Find every line below that contains the word "give" and copy it out.
Material provided START
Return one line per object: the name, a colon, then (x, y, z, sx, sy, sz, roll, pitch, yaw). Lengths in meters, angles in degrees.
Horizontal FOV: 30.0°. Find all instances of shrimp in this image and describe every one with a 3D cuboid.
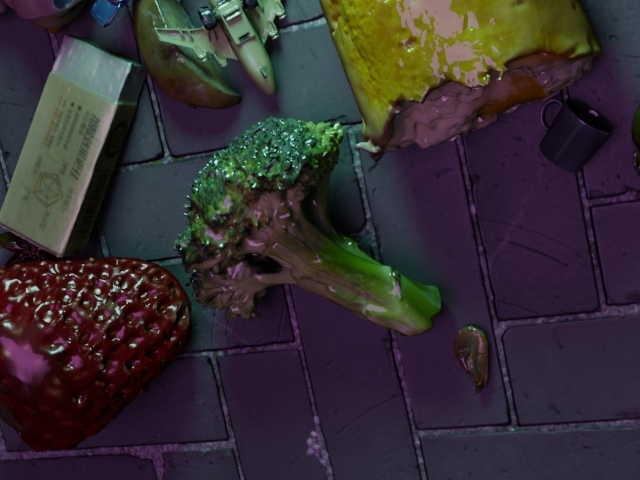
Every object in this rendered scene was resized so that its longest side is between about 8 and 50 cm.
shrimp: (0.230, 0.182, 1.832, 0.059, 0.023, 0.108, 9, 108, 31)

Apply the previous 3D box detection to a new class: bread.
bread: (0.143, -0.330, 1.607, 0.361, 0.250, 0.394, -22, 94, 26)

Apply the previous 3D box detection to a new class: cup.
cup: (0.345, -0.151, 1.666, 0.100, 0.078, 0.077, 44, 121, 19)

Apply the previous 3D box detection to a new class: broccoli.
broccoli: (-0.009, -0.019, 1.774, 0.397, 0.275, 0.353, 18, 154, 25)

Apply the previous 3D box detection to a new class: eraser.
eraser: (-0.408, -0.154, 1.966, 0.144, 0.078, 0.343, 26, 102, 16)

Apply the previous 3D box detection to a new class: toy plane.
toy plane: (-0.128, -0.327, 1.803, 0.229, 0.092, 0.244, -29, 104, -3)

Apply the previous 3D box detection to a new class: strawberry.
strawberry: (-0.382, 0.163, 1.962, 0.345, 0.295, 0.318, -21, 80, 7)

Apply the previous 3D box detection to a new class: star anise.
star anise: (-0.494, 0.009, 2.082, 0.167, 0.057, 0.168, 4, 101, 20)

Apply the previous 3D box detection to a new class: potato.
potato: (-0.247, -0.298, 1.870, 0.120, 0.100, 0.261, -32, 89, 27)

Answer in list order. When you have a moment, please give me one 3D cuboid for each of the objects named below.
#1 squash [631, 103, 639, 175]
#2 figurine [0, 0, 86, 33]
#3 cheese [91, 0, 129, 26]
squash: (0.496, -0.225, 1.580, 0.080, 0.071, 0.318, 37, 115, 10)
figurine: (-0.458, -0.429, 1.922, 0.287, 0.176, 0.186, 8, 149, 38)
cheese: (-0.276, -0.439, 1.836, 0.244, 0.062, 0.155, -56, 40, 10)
Material provided END
Material provided START
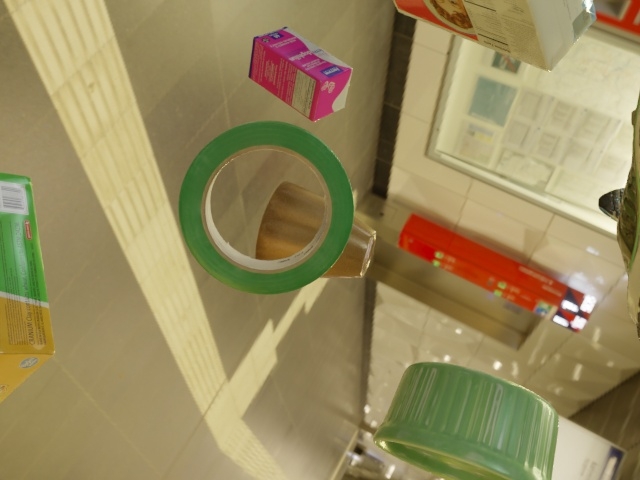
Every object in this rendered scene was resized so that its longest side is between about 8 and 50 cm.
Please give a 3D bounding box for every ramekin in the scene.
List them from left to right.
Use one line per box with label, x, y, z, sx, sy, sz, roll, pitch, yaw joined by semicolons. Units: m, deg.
Material provided END
[Written reply]:
Answer in list order. When you have a moment, please give me one 3D cuboid for each of the objects named below.
Please give a 3D bounding box for every ramekin in the scene.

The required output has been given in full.